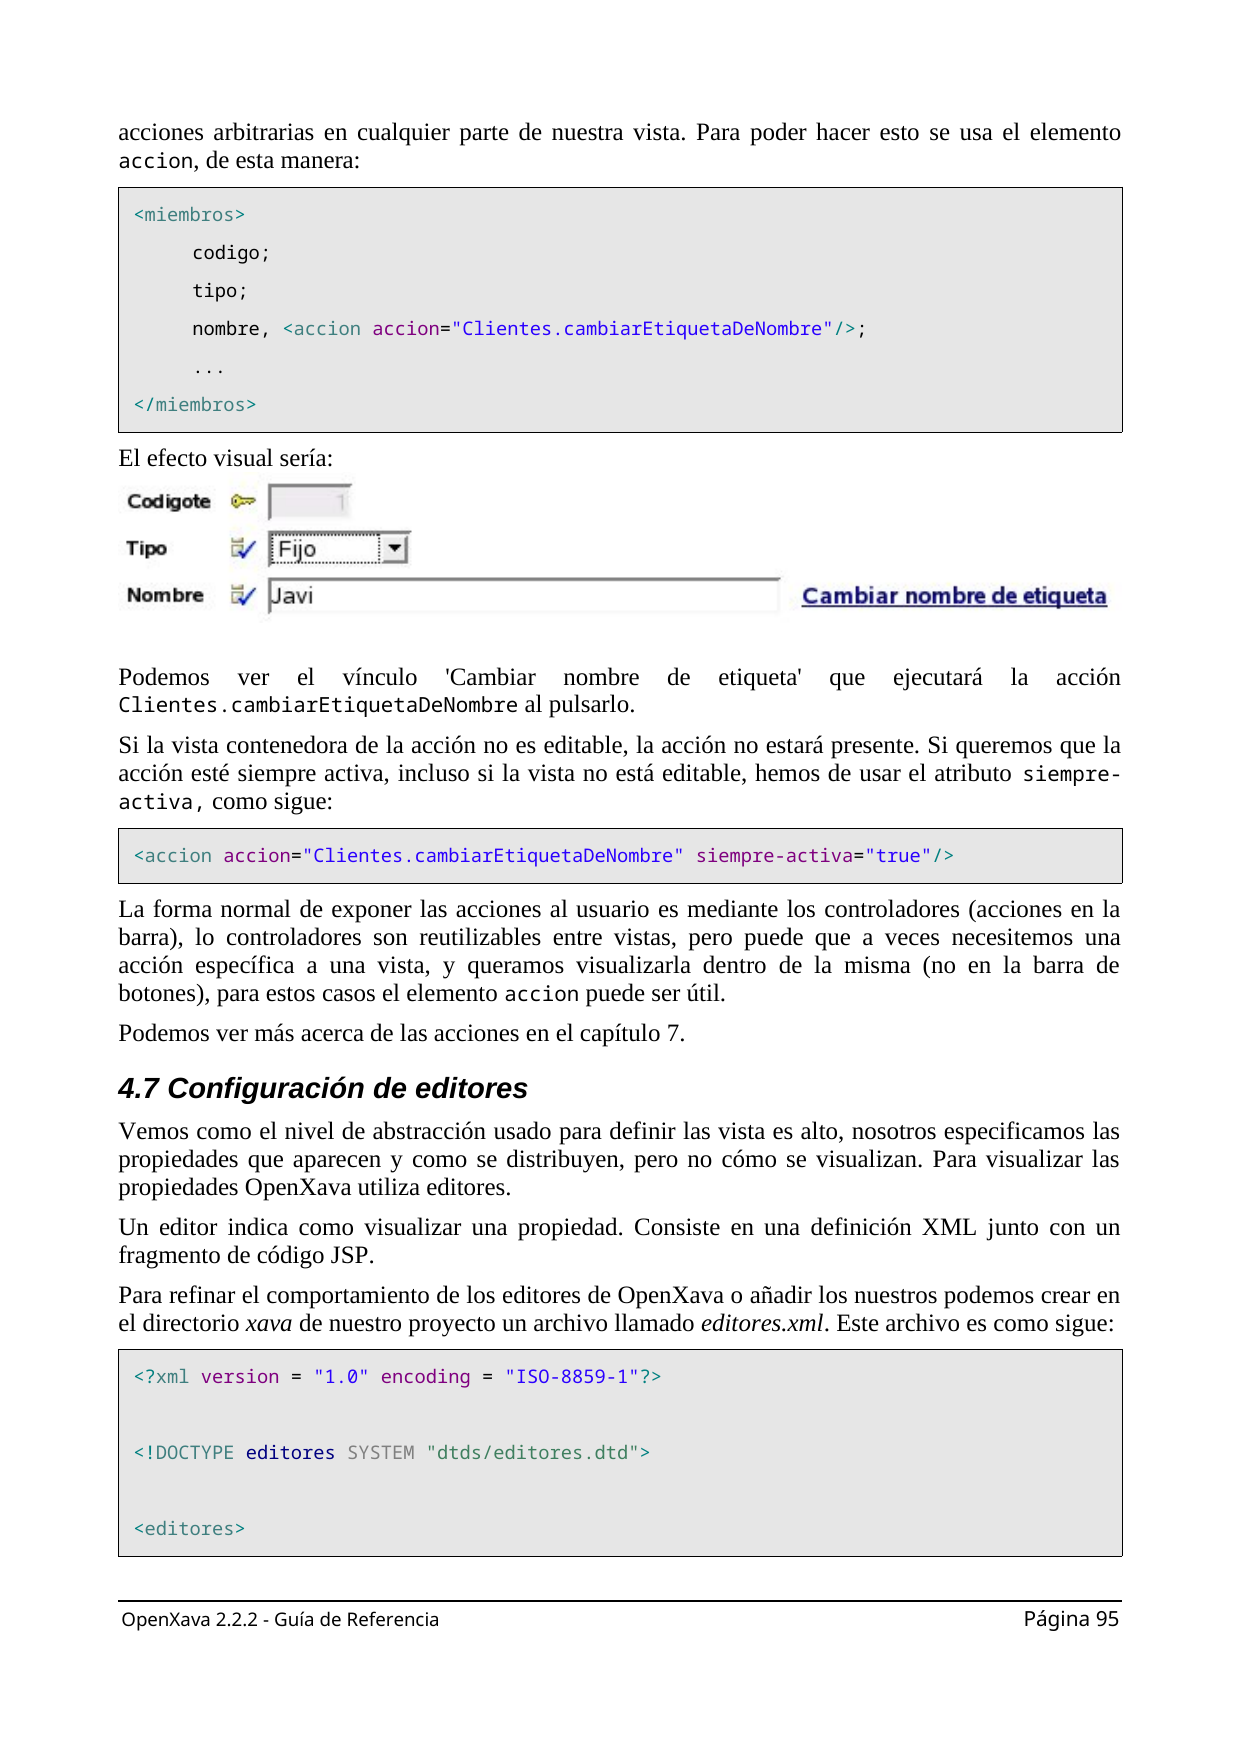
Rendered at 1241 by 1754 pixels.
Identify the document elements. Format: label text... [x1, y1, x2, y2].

text Si la vista contenedora de la acción no es editable, la acción no estará presente. Si queremos que la acción esté siempre activa, incluso si la vista no está editable, hemos de usar el atributo siempre-activa, como sigue: [118, 731, 1122, 815]
text codigo; [119, 224, 1122, 263]
text <editores> [119, 1501, 1122, 1556]
text <accion accion="Clientes.cambiarEtiquetaDeNombre" siempre-activa="true"/> [119, 829, 1122, 883]
picture [118, 472, 1122, 623]
text Podemos ver más acerca de las acciones en el capítulo 7. [118, 1019, 1122, 1047]
text Vemos como el nivel de abstracción usado para definir las vista es alto, nosotros especificamos las propiedades que aparecen y como se distribuyen, pero no cómo se visualizan. Para visualizar las propiedades OpenXava utiliza editores. [118, 1117, 1122, 1201]
text <!DOCTYPE editores SYSTEM "dtds/editores.dtd"> [119, 1425, 1122, 1463]
text nombre, <accion accion="Clientes.cambiarEtiquetaDeNombre"/>; [119, 301, 1122, 339]
text El efecto visual sería: [118, 444, 1122, 472]
text acciones arbitrarias en cualquier parte de nuestra vista. Para poder hacer esto se usa el elemento accion, de esta manera: [118, 118, 1122, 174]
text <?xml version = "1.0" encoding = "ISO-8859-1"?> [119, 1350, 1122, 1387]
text ... [119, 339, 1122, 377]
text Para refinar el comportamiento de los editores de OpenXava o añadir los nuestros podemos crear en el directorio xava de nuestro proyecto un archivo llamado editores.xml. Este archivo es como sigue: [118, 1281, 1122, 1336]
subtitle Configuración de editores [118, 1072, 1122, 1105]
text </miembros> [119, 377, 1122, 432]
text La forma normal de exponer las acciones al usuario es mediante los controladores (acciones en la barra), lo controladores son reutilizables entre vistas, pero puede que a veces necesitemos una acción específica a una vista, y queramos visualizarla dentro de la misma (no en la barra de botones), para estos casos el elemento accion puede ser útil. [118, 896, 1122, 1007]
text <miembros> [119, 188, 1122, 224]
text tipo; [119, 263, 1122, 301]
text Podemos ver el vínculo 'Cambiar nombre de etiqueta' que ejecutará la acción Clientes.cambiarEtiquetaDeNombre al pulsarlo. [118, 663, 1122, 719]
text Un editor indica como visualizar una propiedad. Consiste en una definición XML junto con un fragmento de código JSP. [118, 1213, 1122, 1268]
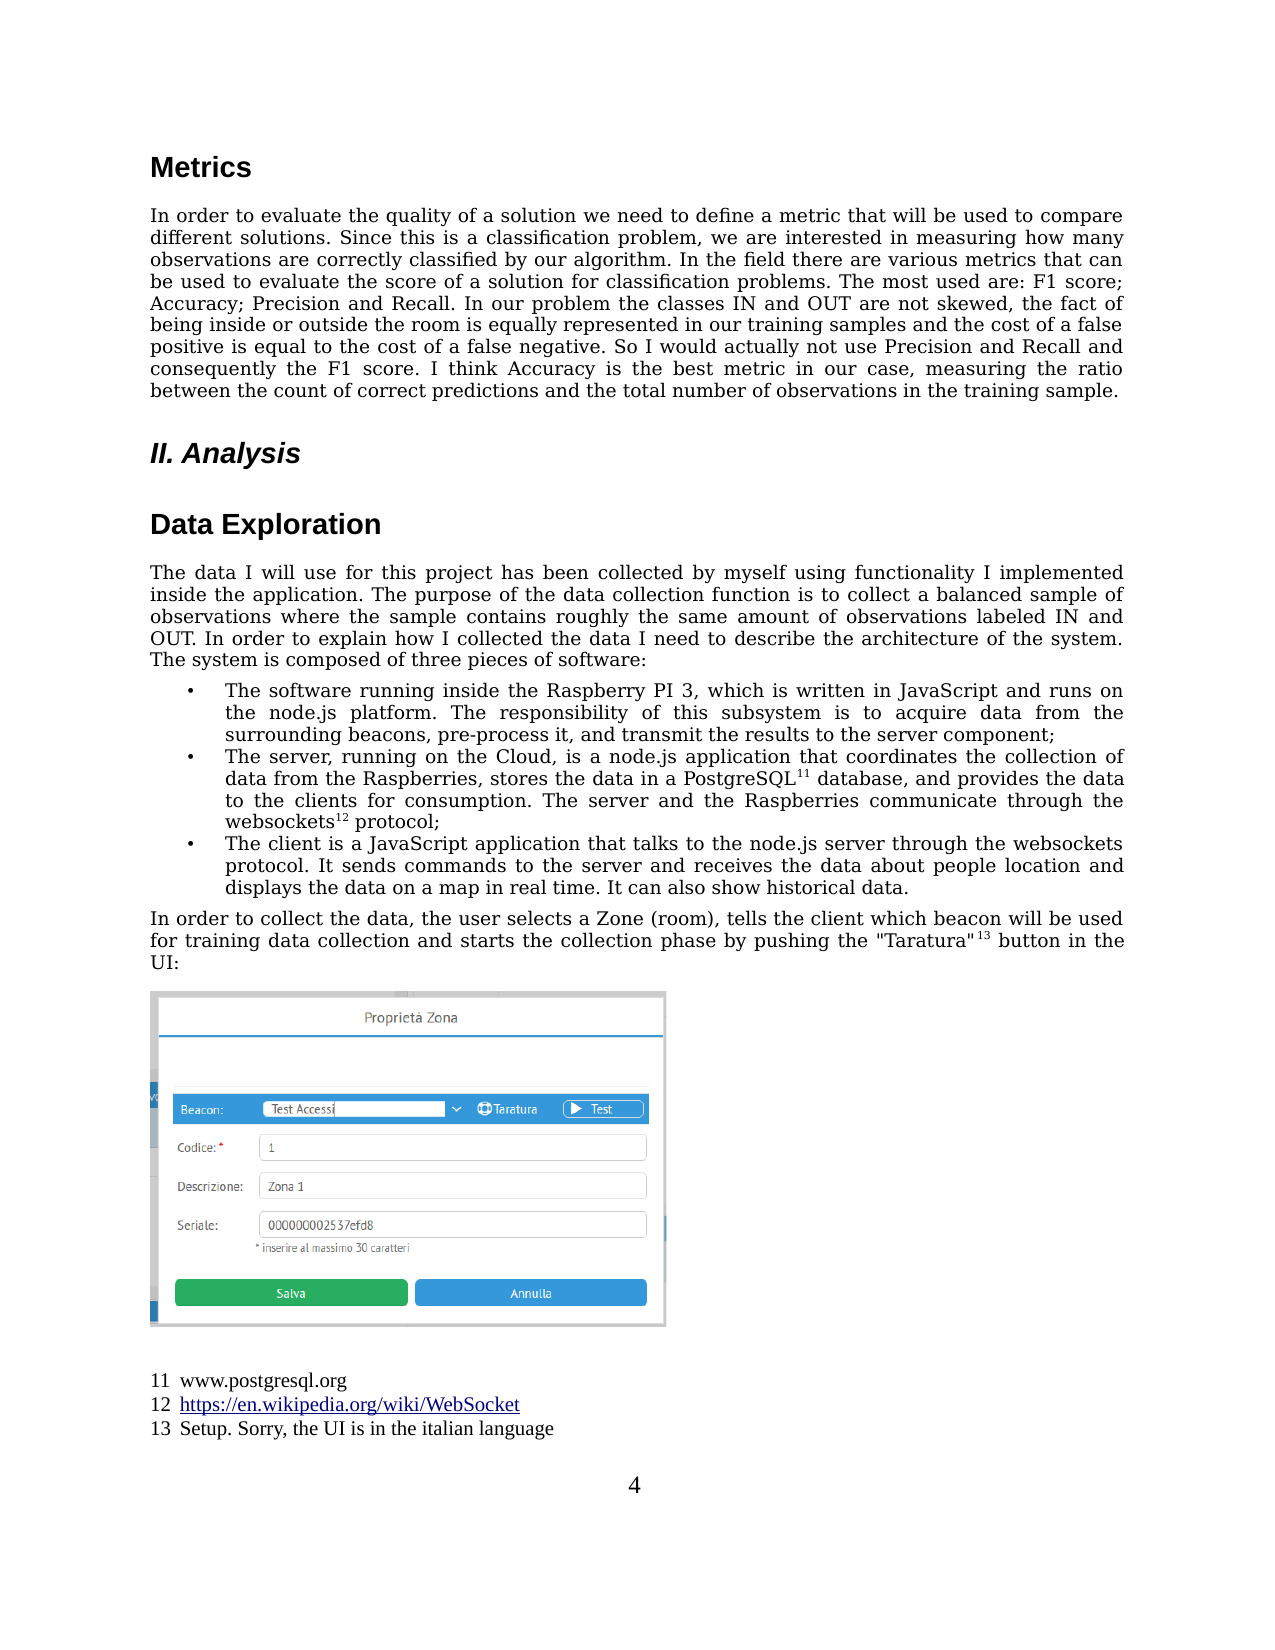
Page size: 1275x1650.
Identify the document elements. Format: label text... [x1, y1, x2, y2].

list www.postgresql.org [150, 1368, 1125, 1392]
text The data I will use for this project has been collected by myself using functionality I implemented inside the application. The purpose of the data collection function is to collect a balanced sample of observations where the sample contains roughly the same amount of observations labeled IN and OUT. In order to explain how I collected the data I need to describe the architecture of the system. The system is composed of three pieces of software: [150, 562, 1125, 671]
list The server, running on the Cloud, is a node.js application that coordinates the collection of data from the Raspberries, stores the data in a PostgreSQL database, and provides the data to the clients for consumption. The server and the Raspberries communicate through the websockets protocol; [187, 746, 1125, 833]
list The client is a JavaScript application that talks to the node.js server through the websockets protocol. It sends commands to the server and receives the data about people location and displays the data on a map in real time. It can also show historical data. [187, 833, 1125, 899]
text Setup. Sorry, the UI is in the italian language [150, 1416, 1125, 1440]
subtitle Data Exploration [150, 507, 1125, 540]
list The software running inside the Raspberry PI 3, which is written in JavaScript and runs on the node.js platform. The responsibility of this subsystem is to acquire data from the surrounding beacons, pre-process it, and transmit the results to the server component; [187, 680, 1125, 746]
picture [150, 991, 667, 1327]
subtitle Metrics [150, 150, 1125, 183]
text In order to collect the data, the user selects a Zone (room), tells the client which beacon will be used for training data collection and starts the collection phase by pushing the "Taratura" button in the UI: [150, 908, 1125, 973]
subtitle II. Analysis [150, 436, 1125, 469]
text In order to evaluate the quality of a solution we need to define a metric that will be used to compare different solutions. Since this is a classification problem, we are interested in measuring how many observations are correctly classified by our algorithm. In the field there are various metrics that can be used to evaluate the score of a solution for classification problems. The most used are: F1 score; Accuracy; Precision and Recall. In our problem the classes IN and OUT are not skewed, the fact of being inside or outside the room is equally represented in our training samples and the cost of a false positive is equal to the cost of a false negative. So I would actually not use Precision and Recall and consequently the F1 score. I think Accuracy is the best metric in our case, measuring the ratio between the count of correct predictions and the total number of observations in the training sample. [150, 205, 1125, 402]
list https://en.wikipedia.org/wiki/WebSocket [150, 1392, 1125, 1416]

INSTRUCTIONS FOR THE TASK:
Extract every line containing the string "Clientes" from the data above.

TASK RESULT:
text <accion accion="Clientes.cambiarEtiquetaDeNombre" siempre-activa="true"/> [119, 829, 1122, 883]
text nombre, <accion accion="Clientes.cambiarEtiquetaDeNombre"/>; [119, 301, 1122, 339]
text Podemos ver el vínculo 'Cambiar nombre de etiqueta' que ejecutará la acción Clientes.cambiarEtiquetaDeNombre al pulsarlo. [118, 663, 1122, 719]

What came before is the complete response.